The studies focused on the mechanisms of audit as a part of the corporate governance
system at the level of developing countries are, so far, relatively limited.
Fan and Wong (2004) demonstrate the role of external audit for corporate governance in
emerging economies, based on empirical studies conducted on developing countries.
However, there is small research focused on the connections between the mechanisms of
internal and external audit activities at the level developing countries and their impact on
corporate governance mechanism. The professional audit standards, namely, International
Standards on Auditing (ISA) 610 provide guidelines in terms of external auditors work in
conducting financial statements audits.
The literature also underlines that the confidence external auditors have in the internal audit
activity could contribute to significant cost savings by reducing the time allocated to
external audit process. The external auditors assess the activity of internal auditors in order
to determine whether the internal audit function can be trusted. Such confidence is also
particularly important, given the extra value that internal audit can bring to the company
through reduced audit fees (Krishnamoorthy, 2001, 2002; Morrill and Morrill, 2003; Mihret
2010; Mihret, James and Mula 2010).
No doubt, the opportunity to reduce costs generates the interest of the other two main
components of the corporate governance mechanism (boards of directors and the
management) which are interested in promoting constant cooperation between internal and
external audit.
The reputation in minimizing errors (DeAngelo, 1981; Beatty, 1989; Firth, 1979;
Chow, 1982; Ahmed and Nicolis, 1994).

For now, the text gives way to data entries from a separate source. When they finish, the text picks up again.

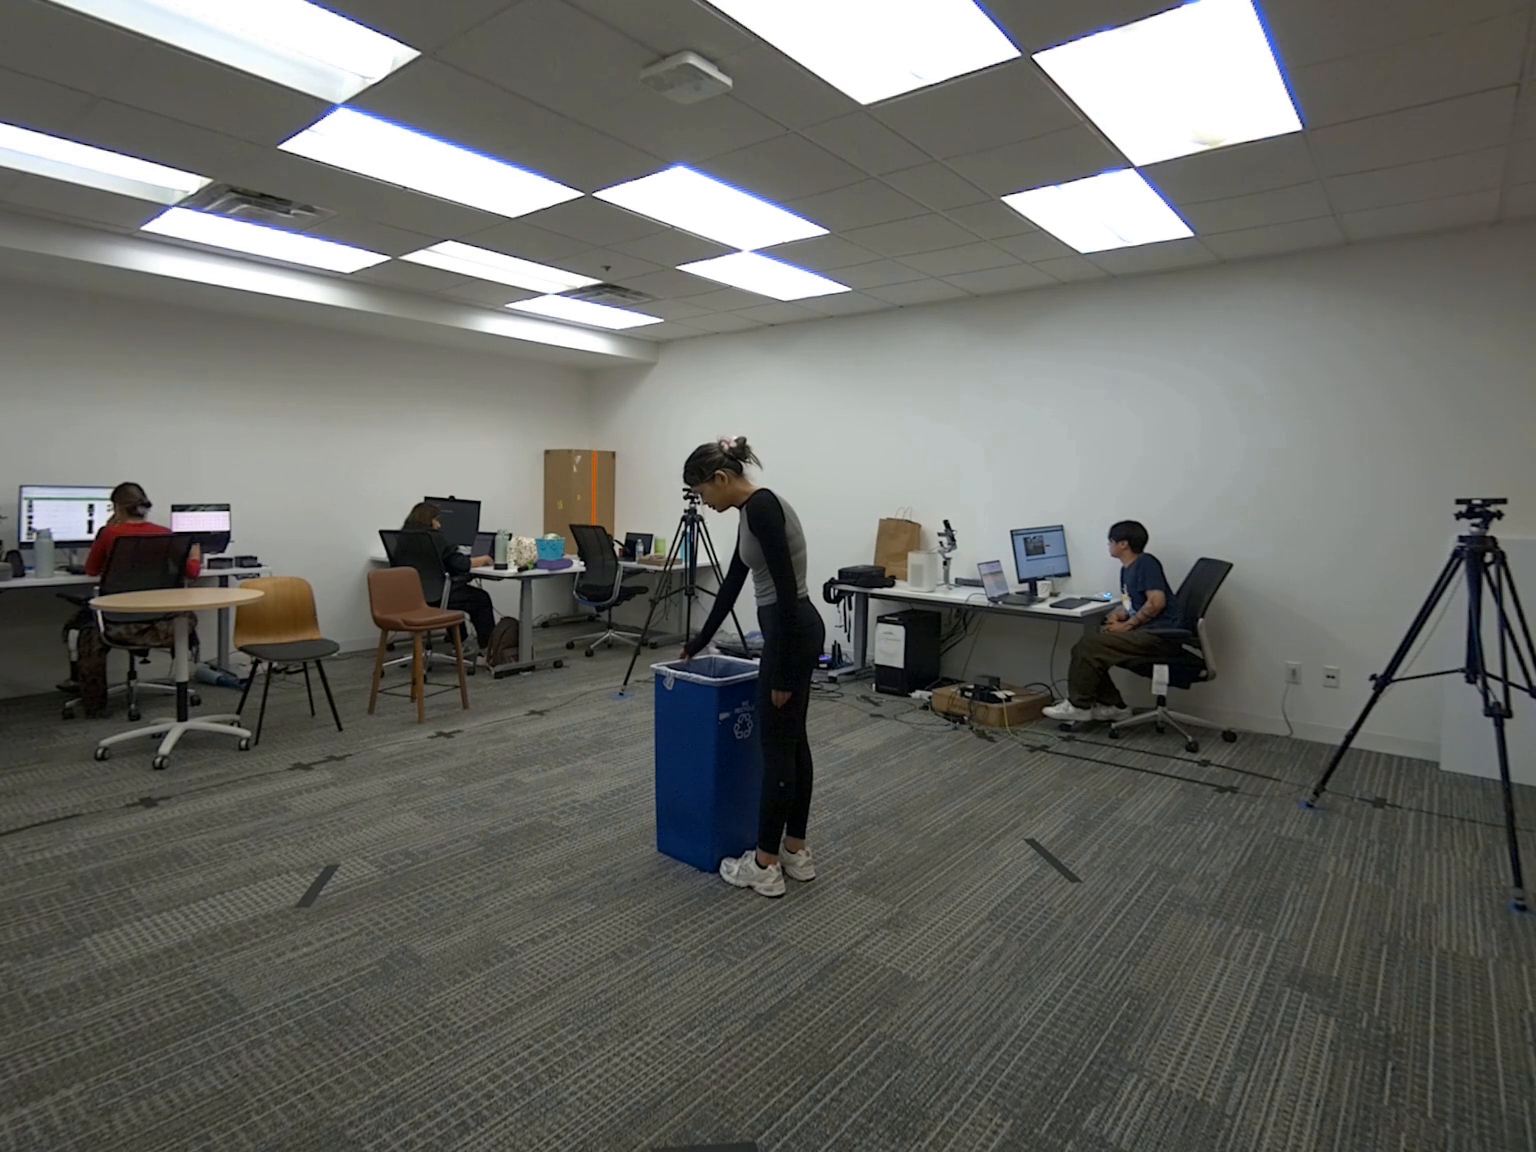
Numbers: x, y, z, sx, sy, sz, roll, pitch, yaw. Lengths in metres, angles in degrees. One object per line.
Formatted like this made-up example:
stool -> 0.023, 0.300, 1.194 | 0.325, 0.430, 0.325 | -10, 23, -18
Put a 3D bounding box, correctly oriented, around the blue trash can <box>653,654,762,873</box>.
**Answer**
blue trash can -> -0.223, 0.696, 3.269 | 0.391, 0.711, 0.363 | 4, 4, 40
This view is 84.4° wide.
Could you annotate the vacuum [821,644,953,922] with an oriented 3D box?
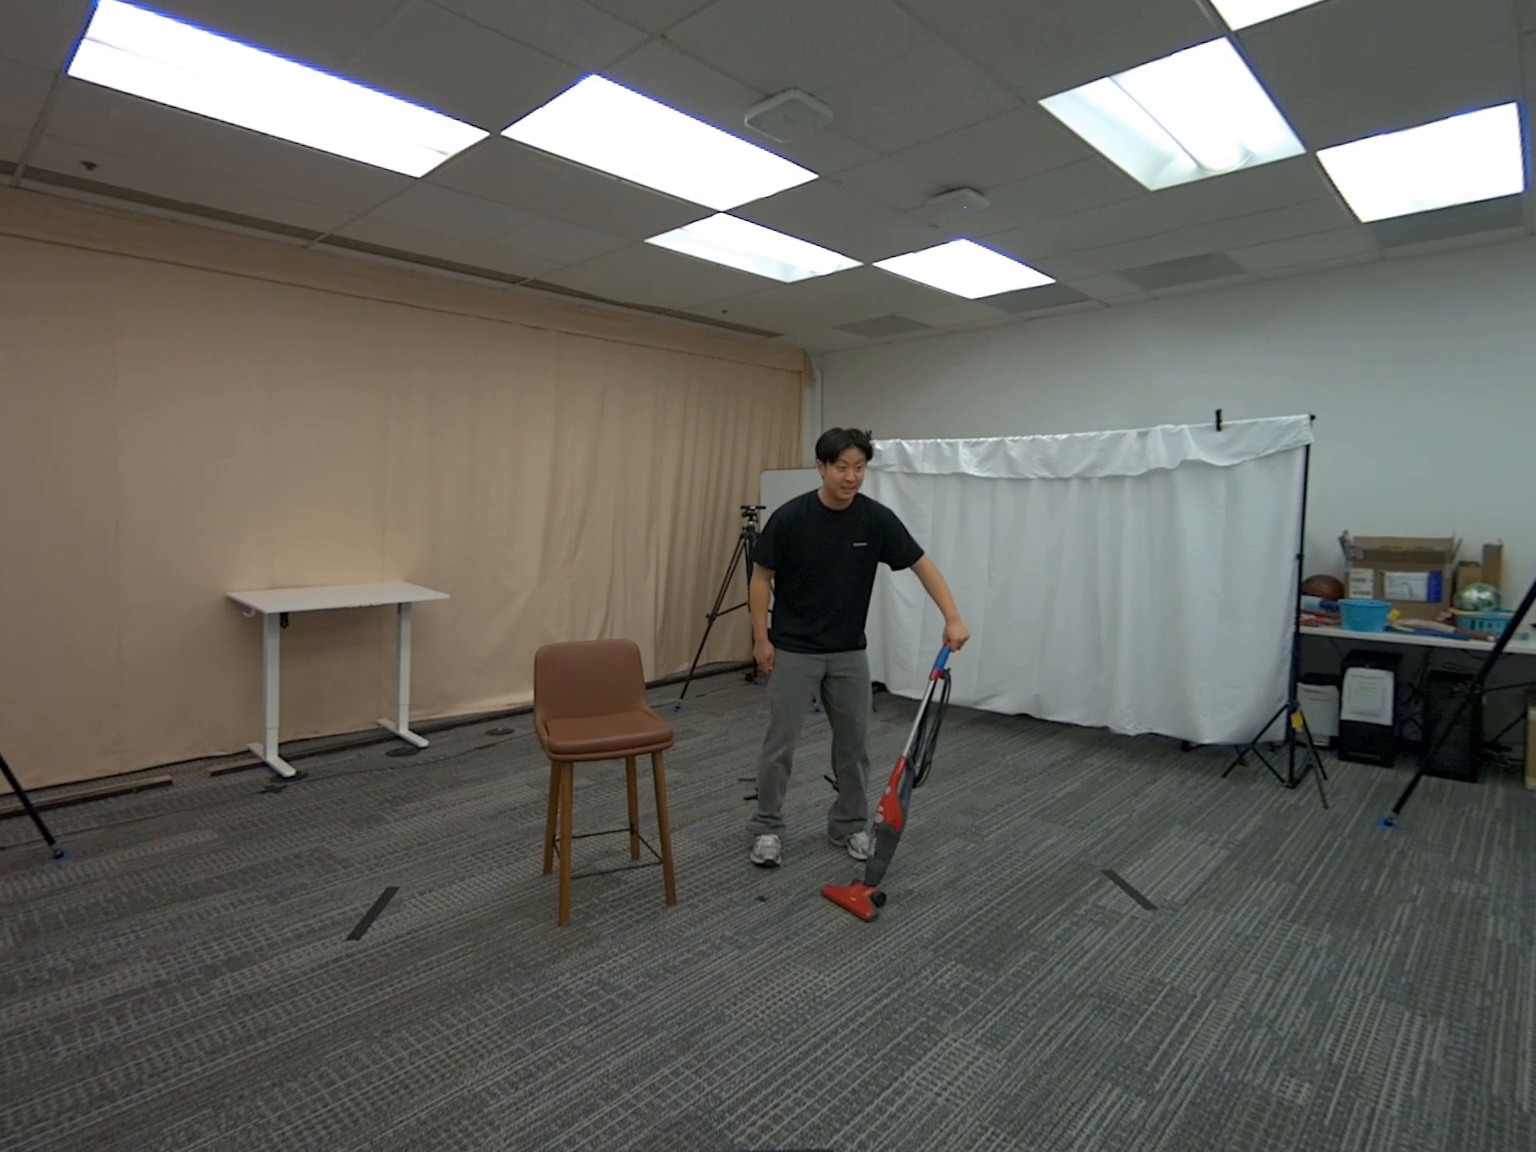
[{"bbox_3d":[0.519,0.682,3.065,0.261,1.051,0.139,10,-20,46],"label":"vacuum"}]
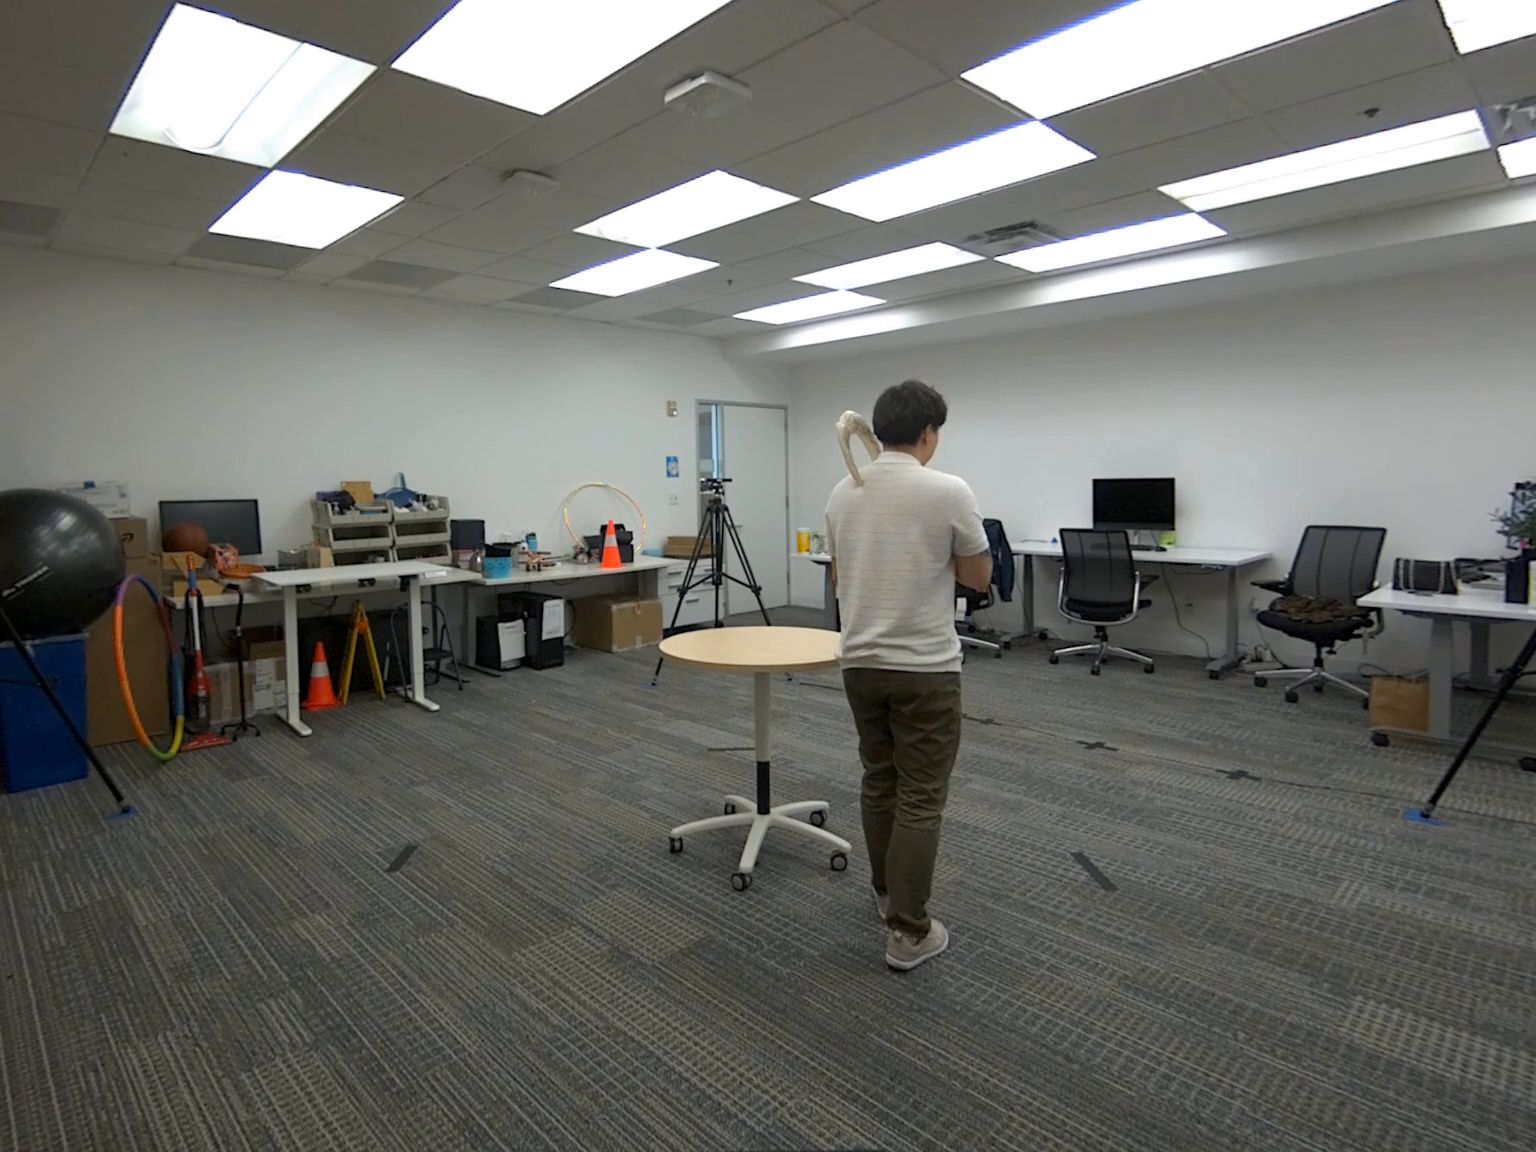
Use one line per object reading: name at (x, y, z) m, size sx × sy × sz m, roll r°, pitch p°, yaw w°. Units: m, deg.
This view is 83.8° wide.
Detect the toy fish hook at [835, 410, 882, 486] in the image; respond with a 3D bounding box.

Large audit firms are willing to invest more to
maintain their reputation as suppliers of quality audit services, because if their reputation is
damaged they risk to lose more than small firms;
More experience, usually manifested through influences in encouraging the
leadership to disclose as much information to reduce the information asymmetry and
agency costs (Baiman, et al., 1987; Baiman, 1990; Wallace et al. 1994; Watts, 1977; Watts
and Zimmerman, 1986);
The higher degree of independence from the customers, given their large number,
which could compromise the quality of their work to a lesser extent than in the case of
small audit firms (Owusu-Ansah, 1998). Given their role to enhance disclosed information
level and quality, the independence status allows them to influence corporate financial
reporting to better meet the needs of external users (Barako et al., 2006).
3. Methodology
The methodology used to test the assumptions is mainly quantitative. This is based on a
deductive statistical analysis whose starting point was the agency theory, aimed at testing
and identifying the possible links of the type cause - effect, and analyzing their
significance.
This paper provides a comprehensive analysis of the connection of the external audit with
the financial performance at the level of Romanian banking system. It thus tries, by means
of empirical research, to find answers to the following question: Does the quality of the
external audit influence the financial performance of Romanian banks?
Based on the records of the previous literature, the following hypotheses were formulated:
H1: There is a significant positive association between the quality of external audit and the
financial performance of banks;
H2: There is a significant positive association between the quality of external audit and the
quality banks' assets;
H3: There is a significant positive association between the quality of external audit and the
solvency of banks.
Given the fact that in the technical literature, audit quality has often been appreciated taking
into consideration the dimension of the audit firm, the quality of external audit in Romanian
banking system is studied from the perspective of the auditor's being part of the group Big
Four.
In order to carry out the present research, we used specific tools for data processing, using
SPSS software under Windows (correlation and regression analysis tests).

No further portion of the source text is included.